Os indivíduos, assim, deveriam exercer uma função na sociedade, no sentido de manter a harmonia da organização social. Thompson como um integrante da Liga Nacionalista de São Paulo, “ressaltava o trabalho do professor na tarefa de nacionalização e a atuação da escola como centro regenerador da vida nacional” (MONARCHA, 2010, p.24). A escola deveria ser orientada por essa visão, “descobrir, encaminhar ou açacalar tendencias, convertendo em aptidões utilizáveis na vida prática.” (ANNUARIOS,1917, p.154).

O conhecimento da psicologia pelo professor, segundo o Diretor da Instrução Pública, era essencial, pois a falta dele reduziria os conhecimentos e traria maior sofrimento aos estudantes. Com esses conhecimentos ele poderia selecionar os “anormais”, que para tanto deveriam ser encaminhados a professores especializados. Ainda nesse documento, afirma-se que um livro seria feito em que se colocaria de forma condensada um pouco mais sobre o assunto e apresentaria a classificação dos “anormais”. É realizado, também, um panorama histórico dos estudos sobre anormalidade na Europa e na América, como referências a serem seguidas aqui no Brasil.
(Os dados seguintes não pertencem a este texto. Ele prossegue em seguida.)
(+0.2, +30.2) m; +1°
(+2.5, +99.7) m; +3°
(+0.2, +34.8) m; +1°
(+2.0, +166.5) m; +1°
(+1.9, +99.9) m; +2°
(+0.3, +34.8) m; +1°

Foi citado em documento a questão histórica da pessoa “anormal”, em especial o “Surdo-Mudo”, que era rechaçado e tratado como “aberração”, sendo descartado de forma violenta, dando ênfase ao fato de que, com o método oral41 a vida do surdo melhorou. Destaca-se, ainda, a importância de se falar em nome dos desvalidos: “falar em nome do surdo-mudo é falar em nome do sofrimento.” (ANNUARIOS, 1917, p.158). Portanto, sabendo de toda essa questão e do comprometimento com a educação dos “anormais” pelos países adiantados, São Paulo, “que pretende ser o índice do Brasil em matéria de instrucção”, deveria criar especializações nas escolas

41 Método para treinar surdos a falar, o objetivo é que a pessoa surda ou com deficiência auditiva consiga se comunicar com os ouvintes. O oralismo surgiu no século XVI, entretanto, teve seu auge em 1880, quando no Congresso Internacional de educadores surdos, foi colocado em votação qual método deveria ser utilizado na educação dos surdos, o oralismo ganhou, pois “acreditava-se que o uso de gestos e sinais desviasse o surdo da aprendizagem da língua oral, que era a mais importante do ponto de vista social.” (LACERDA,1998, p.73). O oralismo manteve seu domínio até os anos 70.
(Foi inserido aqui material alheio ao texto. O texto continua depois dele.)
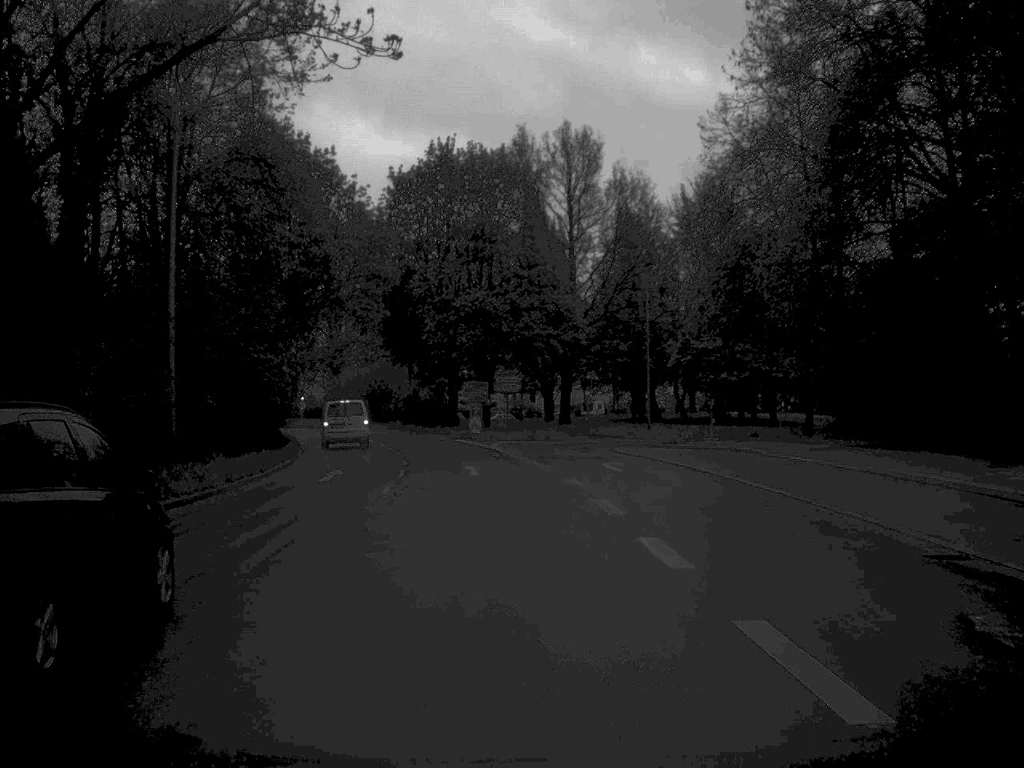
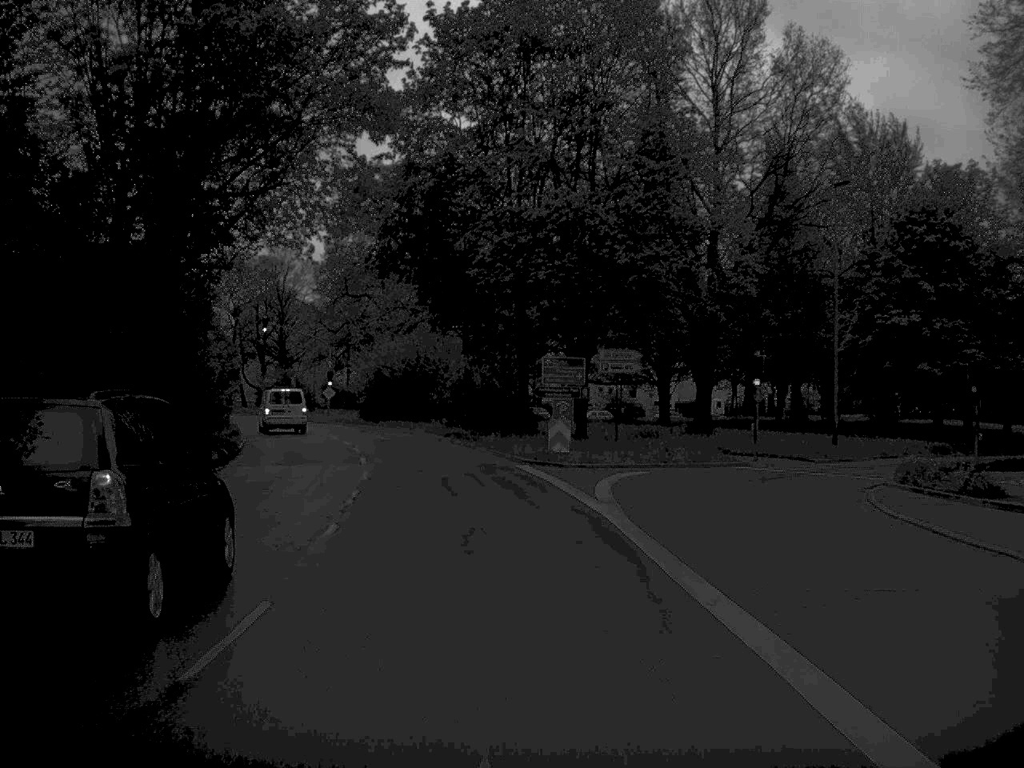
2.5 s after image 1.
(-0.9, +28.4) m; -4°
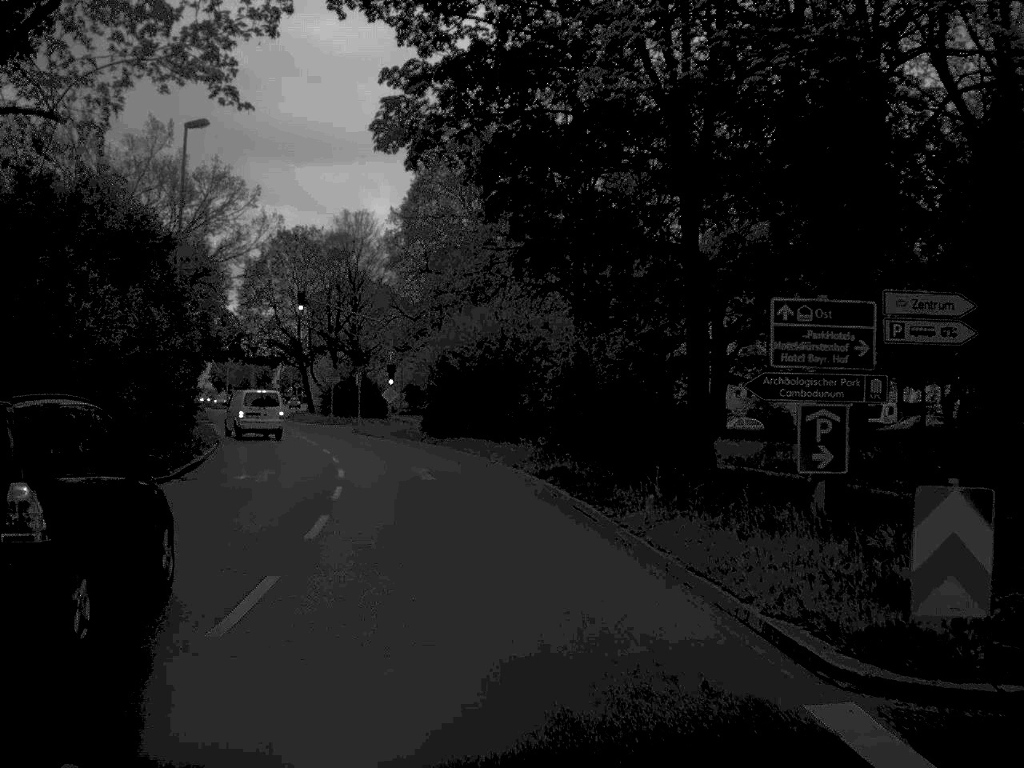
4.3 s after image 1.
(-1.0, +22.1) m; -5°
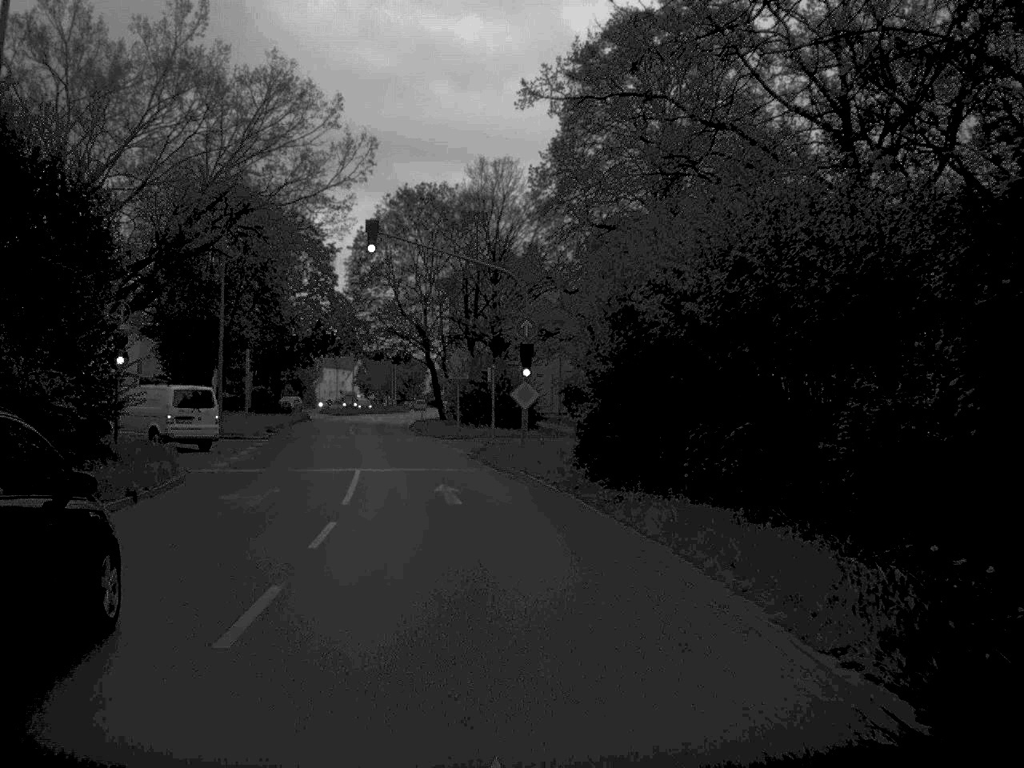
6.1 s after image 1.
(-1.6, +24.1) m; -8°
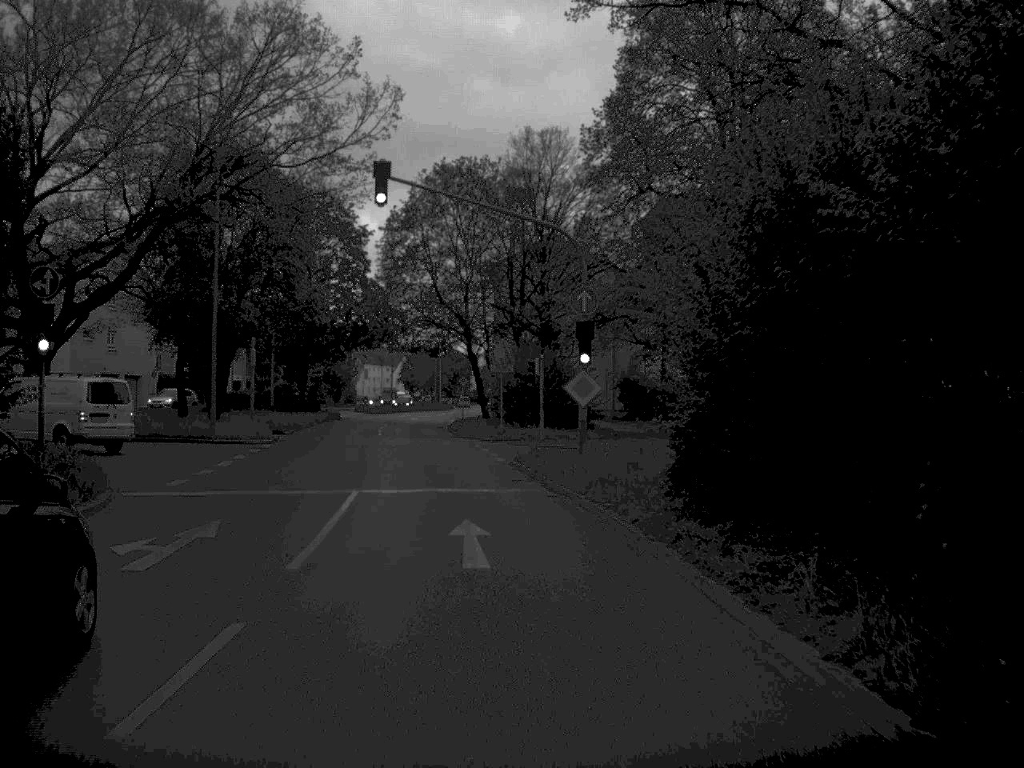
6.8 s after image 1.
(-0.2, +8.1) m; -2°
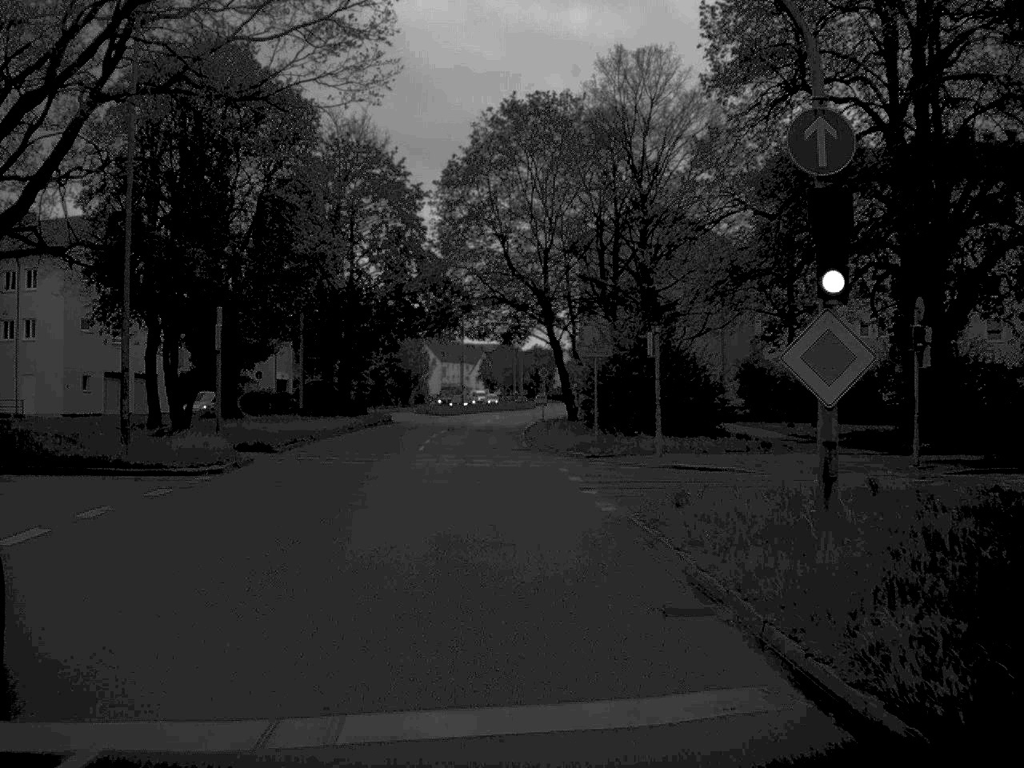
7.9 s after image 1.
(-0.5, +16.2) m; -4°
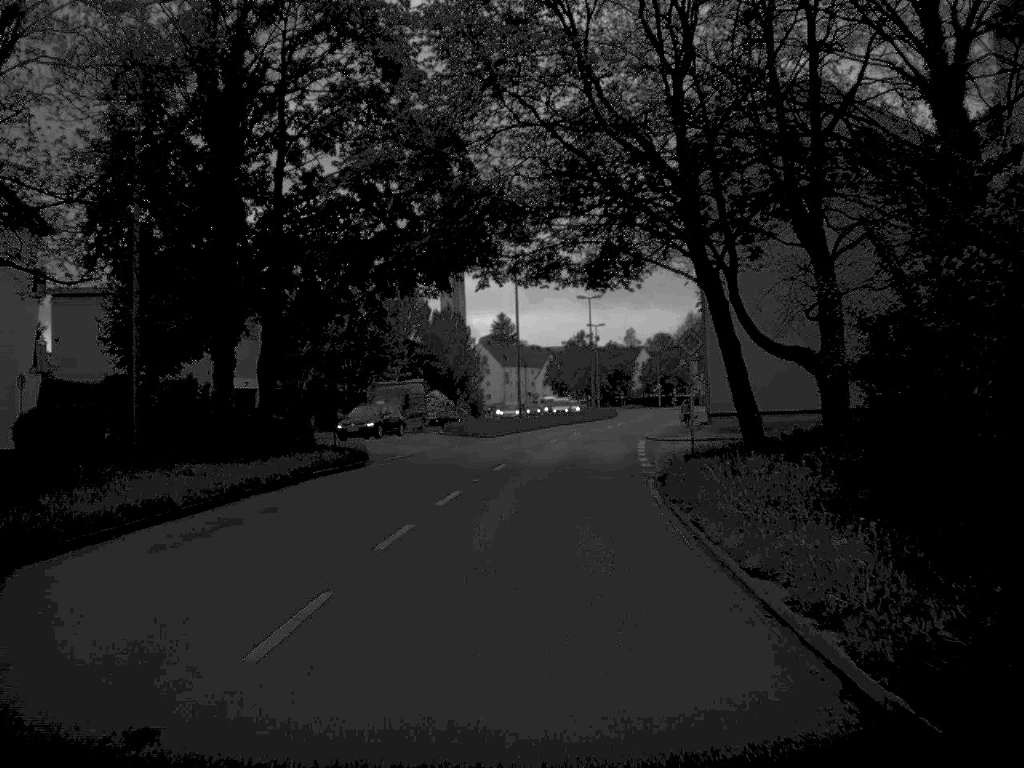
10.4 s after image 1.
(-1.2, +34.0) m; -3°

normais, desenvolver a educação dos “anormais”, “assim como a pedagogia dos normaes tem lucrado e progredido muito á custa da dos anormaes.” (ANNUARIOS,1917, p.159).

Não esqueçamos que a sociedade vale o que a escola valer. As sociedades superiormente organizadas devem caracterizar-se por uma perfeita diferenciação funccional – aquillo que em biologia se chama diferenciação physicológica, e, em economia, combinação do trabalho.

Assim como, na escola da vida, os indivíduos são tanto mais perfeitos, quanto maior fôr a diferenciação physicologica, assim também as sociedades são tanto mais intelligentemente organizadas, quanto mais elevado fôr o espitito selectivo que a ellas presida.[...]

Povo em que os anormaes sejam numerosos é povo em que um forte elemento de depressão econômica existe, porque esses anormaes representam elementos de improdutctivos, ou de produtividade relativamente inferior. A pedagogia moderna procura valorizar taes elementos e tem, realmente, conseguido verdadeiros prodígios. (ANNUÁRIOS, 1917, p.160).

Desta forma, a nova pedagogia podia ver aptidões para o trabalho nos alunos “anormais”, para que deixassem de ser um fardo ruim para a economia. A reabilitação dessas pessoas, além de ser importante para economia, seria um gesto de compaixão, pela trágica história que tiveram no passado.

É declarado, ainda, que o Estado de São Paulo, preocupado com a qualidade da educação e do progresso, estava naquele momento interessado com a educação dos “anormais” (em especial surdos-mudos), tornando esse público sua responsabilidade com intuito de torná-los seres sociais úteis e produtivos.

A defesa da educação dos anormais foi feita em virtude da economia dos cofres públicos e dos bolsos dos particulares, pois assim evitariam manicômios, asilos e penitenciárias tendo em vista que essas pessoas seriam incorporadas ao trabalho. (JANNUZZI, 2012, p.45).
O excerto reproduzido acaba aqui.